**Data extracts**
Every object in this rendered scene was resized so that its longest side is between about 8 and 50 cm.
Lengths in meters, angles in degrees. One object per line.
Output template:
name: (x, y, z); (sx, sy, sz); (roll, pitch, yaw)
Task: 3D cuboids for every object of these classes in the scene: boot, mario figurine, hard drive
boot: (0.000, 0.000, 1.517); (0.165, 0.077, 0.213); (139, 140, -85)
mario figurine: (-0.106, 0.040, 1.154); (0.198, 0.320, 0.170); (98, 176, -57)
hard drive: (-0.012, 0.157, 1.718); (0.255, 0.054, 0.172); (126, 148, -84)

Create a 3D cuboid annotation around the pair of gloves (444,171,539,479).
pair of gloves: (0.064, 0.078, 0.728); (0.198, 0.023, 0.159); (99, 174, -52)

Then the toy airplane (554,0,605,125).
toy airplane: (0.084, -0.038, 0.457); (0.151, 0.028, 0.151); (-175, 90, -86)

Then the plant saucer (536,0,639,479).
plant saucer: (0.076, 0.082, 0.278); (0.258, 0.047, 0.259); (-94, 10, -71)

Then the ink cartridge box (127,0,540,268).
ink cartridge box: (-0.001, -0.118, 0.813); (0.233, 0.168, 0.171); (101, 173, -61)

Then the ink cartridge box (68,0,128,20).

**What needs to be done**
Repeat the entire listing exactly.

**Output of the task**
Every object in this rendered scene was resized so that its longest side is between about 8 and 50 cm.
Lengths in meters, angles in degrees. One object per line.
Output template:
name: (x, y, z); (sx, sy, sz); (roll, pitch, yaw)
Task: 3D cuboids for every object of these classes in the scene: boot, mario figurine, hard drive
boot: (0.000, 0.000, 1.517); (0.165, 0.077, 0.213); (139, 140, -85)
mario figurine: (-0.106, 0.040, 1.154); (0.198, 0.320, 0.170); (98, 176, -57)
hard drive: (-0.012, 0.157, 1.718); (0.255, 0.054, 0.172); (126, 148, -84)

Create a 3D cuboid annotation around the pair of gloves (444,171,539,479).
pair of gloves: (0.064, 0.078, 0.728); (0.198, 0.023, 0.159); (99, 174, -52)

Then the toy airplane (554,0,605,125).
toy airplane: (0.084, -0.038, 0.457); (0.151, 0.028, 0.151); (-175, 90, -86)

Then the plant saucer (536,0,639,479).
plant saucer: (0.076, 0.082, 0.278); (0.258, 0.047, 0.259); (-94, 10, -71)

Then the ink cartridge box (127,0,540,268).
ink cartridge box: (-0.001, -0.118, 0.813); (0.233, 0.168, 0.171); (101, 173, -61)

Then the ink cartridge box (68,0,128,20).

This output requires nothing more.